Families on a Parents Kids policy, which the VHI says is its most popular family plan, will see their premiums increase by 15 per cent – about €331 per year – from the beginning of next month.
The increase in family policies announced yesterday will result in an aggregate increase over the past two years of 13 per cent as the company lowered its child rate on these plans in 2009 in an attempt to regain market share from Aviva and Quinn Healthcare, which had been aggressively targeting younger people with schoolgoing children.
VHI chief executive Jimmy Tolan said he regretted the increases but insisted that the “sole purpose of the increases are to fund our customers’ needs. We have paid out over 95 cent in every euro we have taken in.
“Some of the decisions we have taken here are very difficult but we are operating in a regulatory environment which is broken and it needs to be fixed.”
He insisted the company “had to be sustainable” and said that while plans to sell the company which were announced last year were in train, he did not anticipate it would move into private ownership for at least three years.
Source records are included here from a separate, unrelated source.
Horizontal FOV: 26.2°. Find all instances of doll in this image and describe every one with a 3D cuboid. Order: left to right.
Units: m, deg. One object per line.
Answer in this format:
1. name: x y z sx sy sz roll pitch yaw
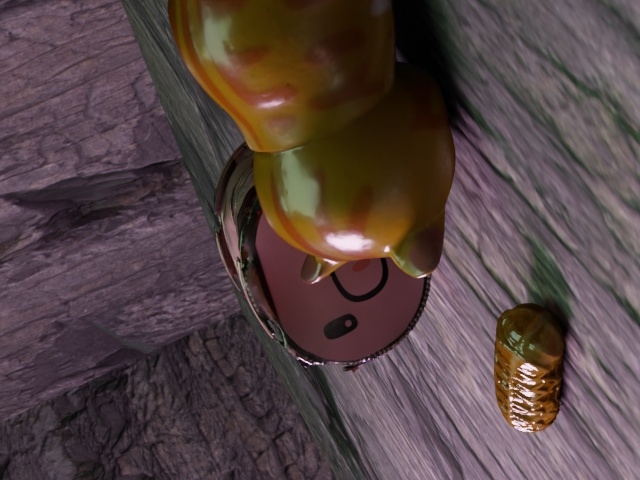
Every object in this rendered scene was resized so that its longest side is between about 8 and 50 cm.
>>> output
1. doll: -0.001 -0.110 0.950 0.166 0.162 0.270 4 131 58

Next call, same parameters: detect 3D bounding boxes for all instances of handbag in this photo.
1. handbag: 0.001 0.000 1.205 0.205 0.179 0.116 67 165 -16

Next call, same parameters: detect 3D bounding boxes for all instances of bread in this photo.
1. bread: 0.148 0.093 0.980 0.052 0.044 0.157 54 168 27
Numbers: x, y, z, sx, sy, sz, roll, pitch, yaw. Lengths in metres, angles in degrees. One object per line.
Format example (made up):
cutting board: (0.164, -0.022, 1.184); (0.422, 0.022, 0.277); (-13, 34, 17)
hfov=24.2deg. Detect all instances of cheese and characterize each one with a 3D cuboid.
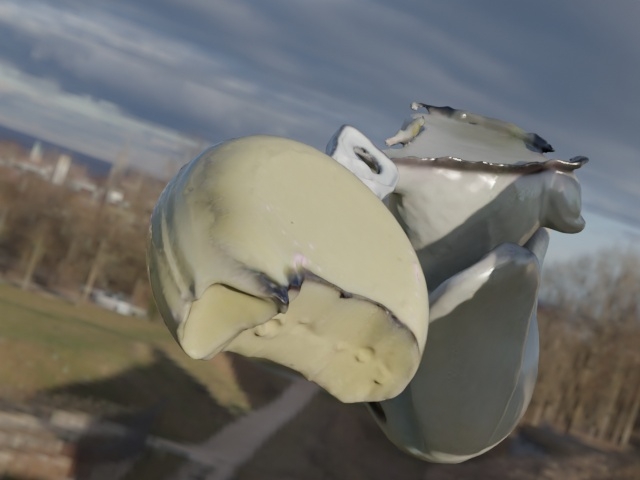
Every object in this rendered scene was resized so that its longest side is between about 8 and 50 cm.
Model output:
cheese: (-0.015, -0.014, 0.808); (0.163, 0.071, 0.249); (33, 31, -23)

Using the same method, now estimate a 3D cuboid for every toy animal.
toy animal: (0.118, 0.029, 1.220); (0.174, 0.289, 0.249); (13, 38, 13)
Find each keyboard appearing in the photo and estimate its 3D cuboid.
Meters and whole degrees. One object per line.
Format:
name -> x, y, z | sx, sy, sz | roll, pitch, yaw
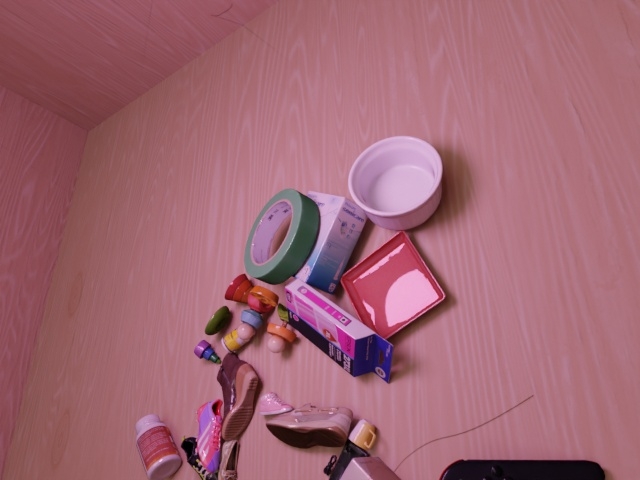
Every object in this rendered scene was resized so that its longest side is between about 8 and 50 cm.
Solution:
keyboard -> 0.060, 0.650, 1.220 | 0.108, 0.023, 0.180 | 24, 86, 35

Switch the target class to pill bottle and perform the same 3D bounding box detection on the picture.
pill bottle -> -0.295, 0.350, 1.585 | 0.116, 0.065, 0.065 | -35, 52, 3
pill bottle -> -0.609, 0.759, 1.620 | 0.121, 0.121, 0.216 | -53, 49, 7

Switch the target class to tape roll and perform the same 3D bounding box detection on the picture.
tape roll -> -0.136, -0.015, 1.459 | 0.321, 0.077, 0.322 | -35, 41, 38

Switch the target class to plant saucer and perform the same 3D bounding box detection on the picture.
plant saucer -> 0.212, 0.143, 1.303 | 0.259, 0.047, 0.259 | -40, 52, 18

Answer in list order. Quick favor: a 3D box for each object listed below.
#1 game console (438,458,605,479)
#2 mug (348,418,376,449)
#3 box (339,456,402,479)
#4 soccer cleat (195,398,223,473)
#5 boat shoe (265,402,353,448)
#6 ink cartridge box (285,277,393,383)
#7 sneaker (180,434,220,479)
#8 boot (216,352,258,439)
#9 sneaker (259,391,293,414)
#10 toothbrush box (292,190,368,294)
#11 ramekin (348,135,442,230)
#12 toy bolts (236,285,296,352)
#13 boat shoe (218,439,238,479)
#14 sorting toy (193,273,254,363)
game console -> 0.410, 0.636, 0.839 | 0.341, 0.060, 0.387 | -3, 67, 7
mug -> 0.124, 0.532, 1.199 | 0.078, 0.062, 0.064 | 23, 77, 35
box -> 0.185, 0.671, 1.034 | 0.311, 0.148, 0.121 | 32, 90, 40
soccer cleat -> -0.367, 0.656, 1.486 | 0.095, 0.083, 0.248 | -33, 37, 4
boat shoe -> -0.034, 0.542, 1.297 | 0.302, 0.109, 0.098 | -19, 24, 38
ink cartridge box -> 0.043, 0.270, 1.272 | 0.370, 0.176, 0.069 | 29, 48, 33
sneaker -> -0.410, 0.761, 1.481 | 0.234, 0.097, 0.084 | 37, 95, 41
boot -> -0.310, 0.537, 1.531 | 0.206, 0.090, 0.249 | 16, 82, 53
sneaker -> -0.146, 0.523, 1.411 | 0.134, 0.050, 0.070 | -19, 66, 35
toothbrush box -> 0.000, 0.000, 1.450 | 0.216, 0.126, 0.296 | 21, 83, 54
ramekin -> 0.234, -0.165, 1.323 | 0.276, 0.135, 0.278 | -10, 61, 18
toy bolts -> -0.205, 0.265, 1.470 | 0.228, 0.218, 0.159 | 2, 59, 46
boat shoe -> -0.296, 0.738, 1.434 | 0.048, 0.056, 0.153 | -22, 52, 34
sorting toy -> -0.335, 0.308, 1.639 | 0.126, 0.127, 0.366 | 32, 95, 12

While both Aviva and Quinn Healthcare were quick to issue statements condemning yesterday’s price increases, they too have either already announced premium increases or look likely to do so in the months ahead.
In November, Quinn Healthcare announced its prices for 2011 and said its policies would increase by an average of 7.9 per cent.
While it is difficult to compare like with like, the two Quinn Healthcare policies which are most comparable to the VHI’s Plan B and Plan B Options are Essential Health and Essential Plus (excess). In November it increased the cost of its Essential Health plan from €730 to €766, while its Essential Plus (excess) increased in price more substantially from €778 to €898.
For its part, Aviva last announced a price increase last April but further increases for its customers are likely this spring.
A spokesman for the Health Insurance Authority said the volume of concern over the announcement of price increases caused its website to crash yesterday.